Originally Posted by *jlpumkin* 
Hi ladies. I've been lurking on your thread for a while but tend to lose you. So I'm posting to sub - might as well intro =) I am learning modesty. Not that I was purposely immodest before, it's just something I've felt called to over the last year. I do still sometimes wear pants, but make a noted effort to be covered from collar bone to knee. Shoulders covered too. However, for me this is something that I seem to travel from convicted to dabbling in and back to convicted. I guess it's a journey. I might add that a big part is struggling with pride. I've recently lost a lot of weight and it's nice to have folks notice. They don't tend to recognize my hard work when I'm in frumpy or plain clothes - but ahh that's part of the purpose eh? Did I mention I'm a work in progress =)

Welcome!

I think there are wonderful ways to dress modestly without straying into "frumpy" or "plain." I try to be very stylishly dressed, while also keeping my collarbones, elbows, and knees covered at all time. Check out Muslim blogs (I think they've got the modest style down), because many of these women have successfully been able to balance modesty with fashion.

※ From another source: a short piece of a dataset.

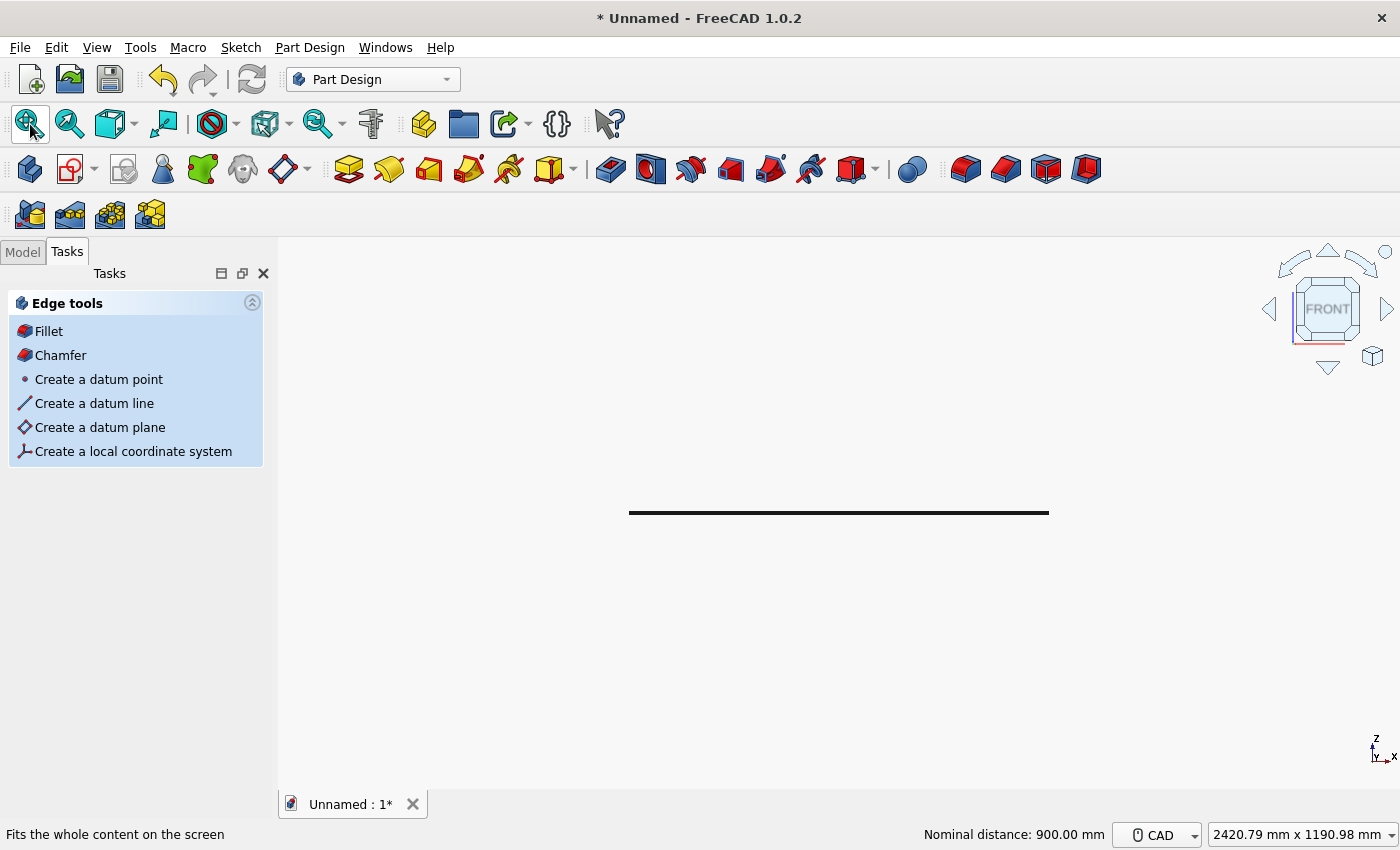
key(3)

Personally, I like playing with patterns and layers. One of my favorite outfits is layering a black short-sleeve collared shirt over a white long sleeve shirt, pairing it with a black-and-white polka dot skirt that covers my knees (and swings prettily, of course), and wearing black leggings and black UGGs (Target knock-offs, of course). I usually wear a black scarf to cover my hair as well, sometimes with a white ribbon around the frame of it. I'll try to take a picture.

So don't feel like "modest" has to be equated at all with frumpy. I love bright colors, stripes, polka dots, and still dress very modestly. No frumpy in MY wardrobe.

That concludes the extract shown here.